Öğrendim ki, koca İzmir’de veraset intikal vergisi ödeyip, temiz kağıdı alabileceğiniz sadece 1 vergi dairesi var, Üçkuyular’da, 9 Eylül Vergi Dairesi…

Önce sabahın kör saatinde gidiyorsunuz, sıra numarası alıyorsunuz, evrakları teslim ediyorsunuz.

Daha sonra size “1 hafta sonra gel diyorlar”, 1 hafta sonra yine gidiyorsunuz, yine sıra numarası alıyorsunuz, yine sıraya girip, paşa paşa bekliyorsunuz.

Vergi dairesinin önü “lebaleb”e yakın… Sıradaki teyzelerin, ağabeylerin hikayelerini dinliyoruz tabi.

Bir yandan aklımdan, internet ağının donumuzun rengine kadar bildiği bu çağda, bunun ilkellik olduğunu geçiriyorum.

Üç beş kuruşluk  elimiz kalem tutuyor, bir de bu korona günlerinde vatandaşın çektiği çileyi görünce,

Bbir iki kare fotoğrafla anlatırım dedim… Eylem yok, bağıran çağıran yok… Kuzu kuzu bekliyor halkım…

Fotoğrafı çeker çekmez, güvenlik görevlisi genç kadın üzerime atladı…

Fotoğrafa da bakın ha, sanki eylem çekiyorum, kafa göz yaranları çekiyorum…

Sıradan, editörün belki de kullanmayacağı, tek başına bir şey ifade etmeyen bir fotoğraf…

Abla demediğini bırakmadı… Az ellemesen dövecek beni…

Vay nasıl fotoğraf çekermişim ben… ”Ver kardeşim telefonunu… Ver dedim, sileceksin onu.”

Tabi yanlış topa girdi… Yok öyle üç kuruşa beş köfte, gerekeni yaptım…

Üstüne , basın tanıtım kartını görünce aldı voltasını…

Son kelimesi “Hadsiz” oldu…

Ben, “hadsiz bir vatandaş” olarak “devlete para ödeme” sırasında beklemeye devam ettim.

Güvenlikçi abla, hızını alamadı, bahçe kapısından içeri girdi.

Bir teyze, yaşlı kartını göstererek diğer güvenlikçiden bahçedeki banklarda oturma izni almıştı.

Başroldeki ablamız, doğruca ona yöneldi… "Çık dışarı” diye bağırdı. Kadın direndi…

Halk direncinin ateşleyicisi gibiydi… "Çıkmıyorum babanın yerimi burası? Devletin bahçesi" dedi…

Yaşlı kadının elinde sigara vardı, bir fırtlık…

Paldır küldür ona girişti, eline vurdu… Sigarayı almak için fiziki müdahale…

Kalabalık homurdandı… Ama sadece homurdandı…

Diğer güvenlikçi delikanlı geldi müdahale etti… Teyzeyi  güvenlikçi arkadaşından korudu…

Ama ben bir hamle olay yerinden fotoğraflamıştım durumu…

Bu kalabalığı yani… Heyt be, son  olay yeri fotoğrafçısıymışım farkında değilim.

Döndüğümde televizyonda, elindeki kaskı motor süren çocuğun kafasına yapıştıran polisi gördüm.

Bir başka haberde 1 Mayıs’çıların kafalarına basılan fotoğraflar…

Sonra al sana genelge “polisin özel hayatı var, çekmek yasak”…

Vay be.
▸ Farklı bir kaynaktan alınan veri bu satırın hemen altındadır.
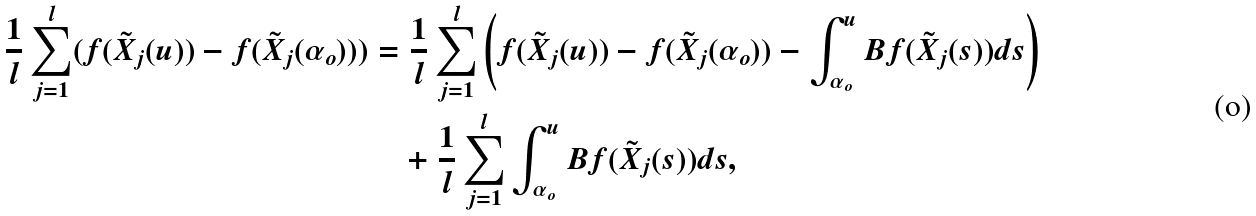Convert formula to latex. <formula><loc_0><loc_0><loc_500><loc_500>\frac { 1 } { l } \sum _ { j = 1 } ^ { l } ( f ( \tilde { X } _ { j } ( u ) ) - f ( \tilde { X } _ { j } ( \alpha _ { o } ) ) ) & = \frac { 1 } { l } \sum _ { j = 1 } ^ { l } \left ( f ( \tilde { X } _ { j } ( u ) ) - f ( \tilde { X } _ { j } ( \alpha _ { o } ) ) - \int ^ { u } _ { \alpha _ { o } } B f ( \tilde { X } _ { j } ( s ) ) d s \right ) \\ & \quad + \frac { 1 } { l } \sum _ { j = 1 } ^ { l } \int ^ { u } _ { \alpha _ { o } } B f ( \tilde { X } _ { j } ( s ) ) d s ,</formula> 
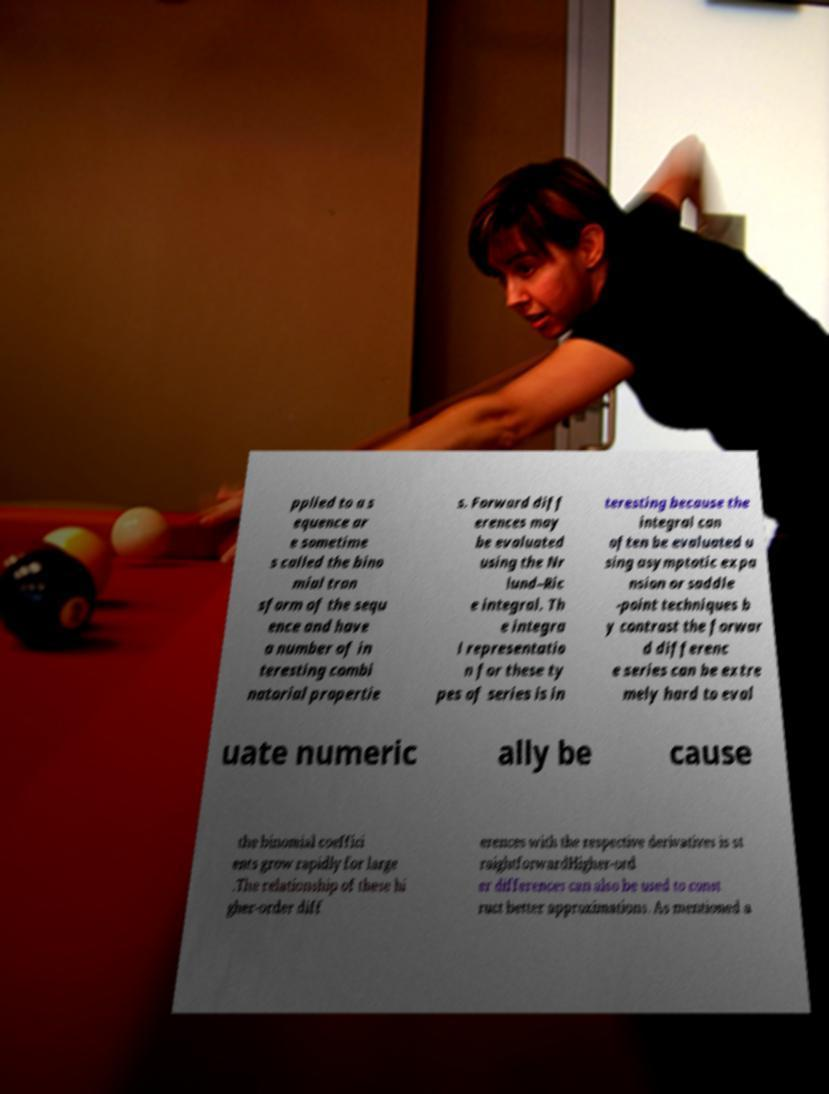What messages or text are displayed in this image? I need them in a readable, typed format. pplied to a s equence ar e sometime s called the bino mial tran sform of the sequ ence and have a number of in teresting combi natorial propertie s. Forward diff erences may be evaluated using the Nr lund–Ric e integral. Th e integra l representatio n for these ty pes of series is in teresting because the integral can often be evaluated u sing asymptotic expa nsion or saddle -point techniques b y contrast the forwar d differenc e series can be extre mely hard to eval uate numeric ally be cause the binomial coeffici ents grow rapidly for large .The relationship of these hi gher-order diff erences with the respective derivatives is st raightforwardHigher-ord er differences can also be used to const ruct better approximations. As mentioned a 
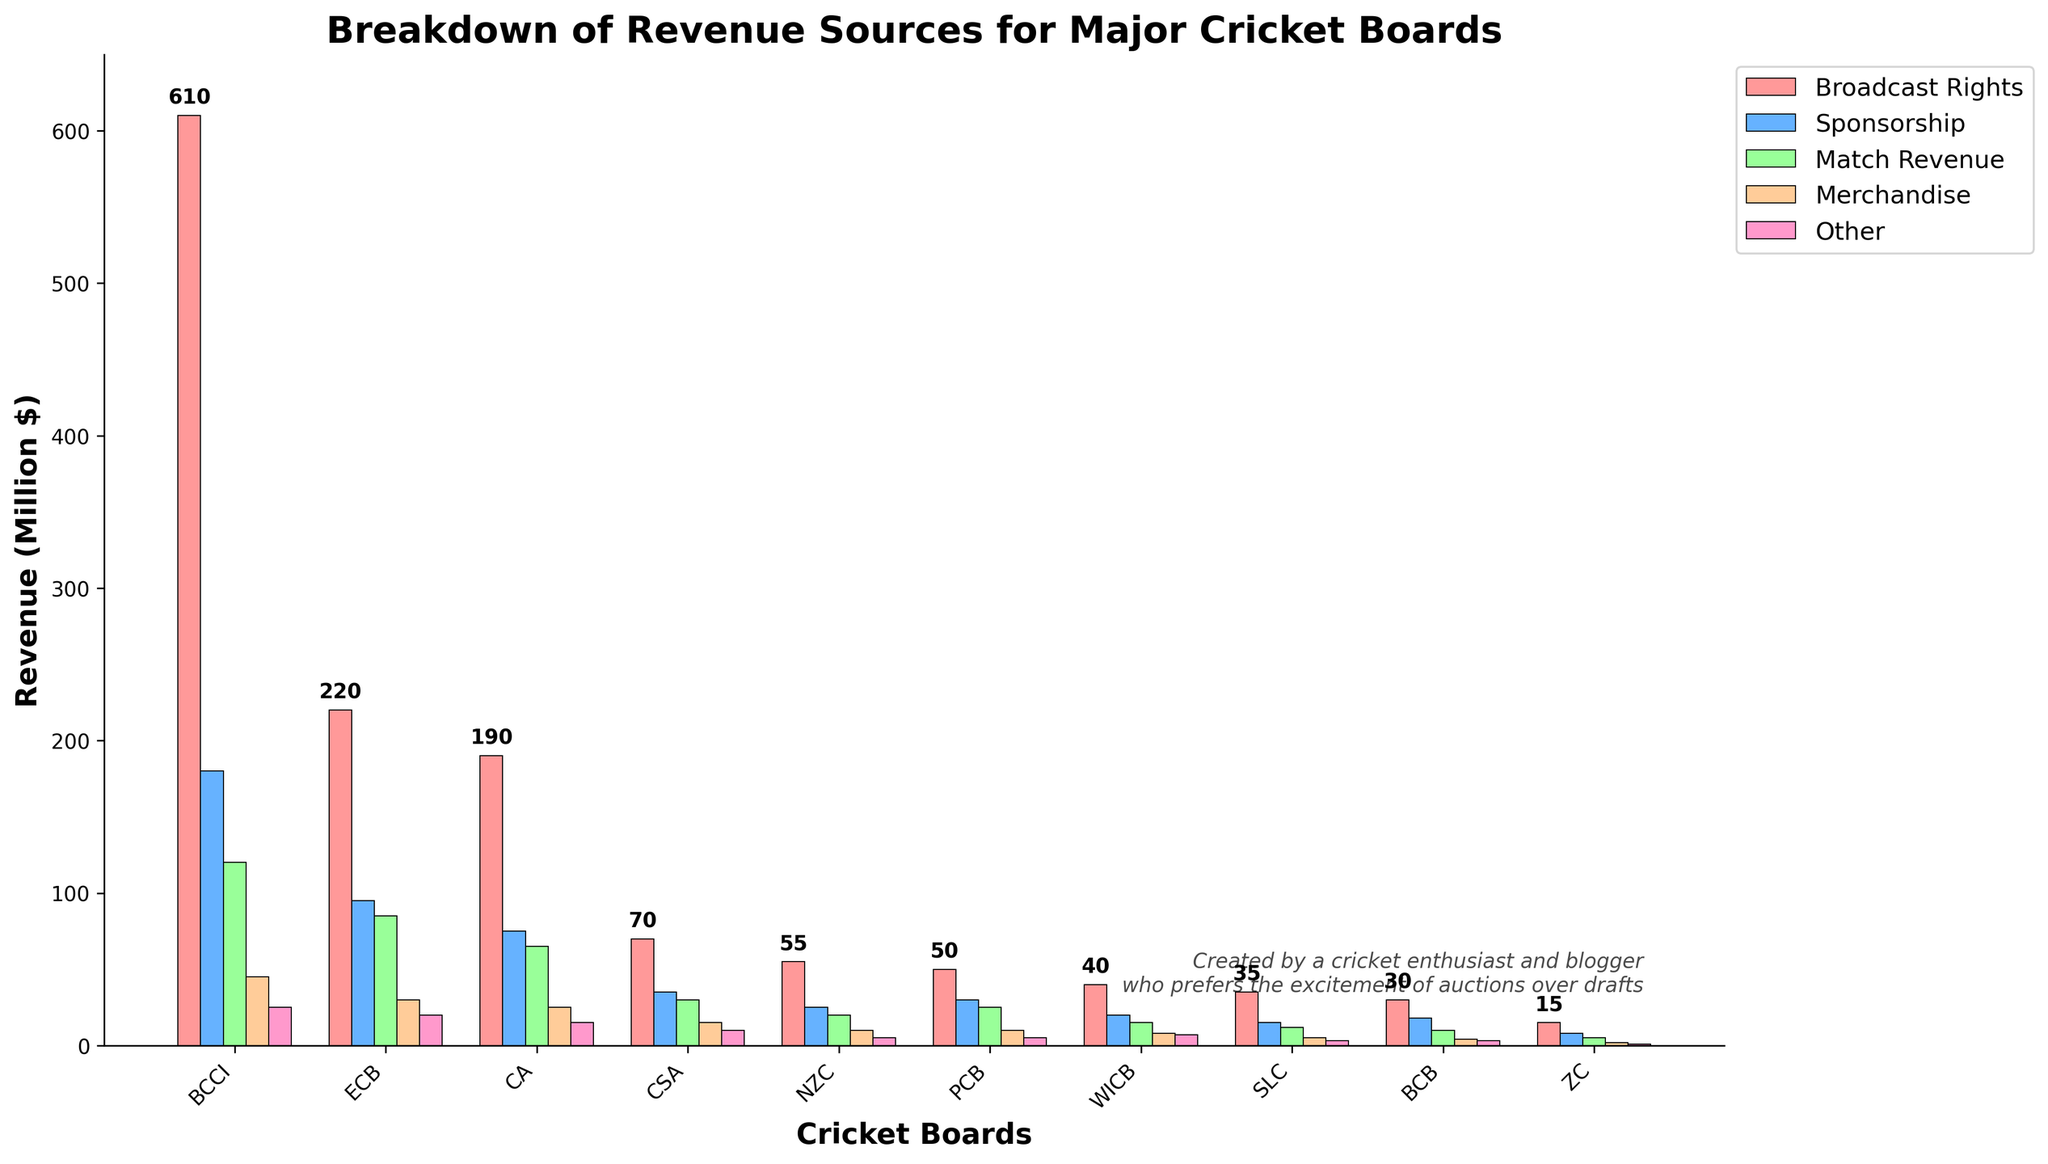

Bu yörenin, son fotoğraf bükücüsüyüm artık…

Bundan sonra  güvenlikçiyle anca hatıra fotoğrafı çektiririz…

***

Değerli okurlar…

Ne kadar mizahi bakmaya çalışsam da maalesef içimiz kan ağlıyor…

Böyle şey olur mu?

Sanki ülkede anayasa rafta, kanun ile yönetilmiyor, yönetmelikle yönetilmiyor.

Atanmış herhangi bir bakanın, tüm hukuk normlarını kenara koyarak bir genelge yazması yetiyor…

Üstelik bu iki genelge de yasa çerçevesinin dışında ve mantığı yok…

Gözlerimiz içki satışı yasağında da, şu olay yeri fotoğrafçılığı konusunda da  STK’lara dönüyor.

Tek ümit orası, ama “Baro”muzdan neden ses yok?

Misal Türkiye Gazeteciler Cemiyeti’nden neden çok daha  güçlü bir ses yada eylem çıkmaz?

Gazeteciler sendikası nasıl sessiz durur? Muhalefet partileri nasıl üst  mahkemelere gitmez?

En azından bir sonraki adımın önünde neden kimse durmaz?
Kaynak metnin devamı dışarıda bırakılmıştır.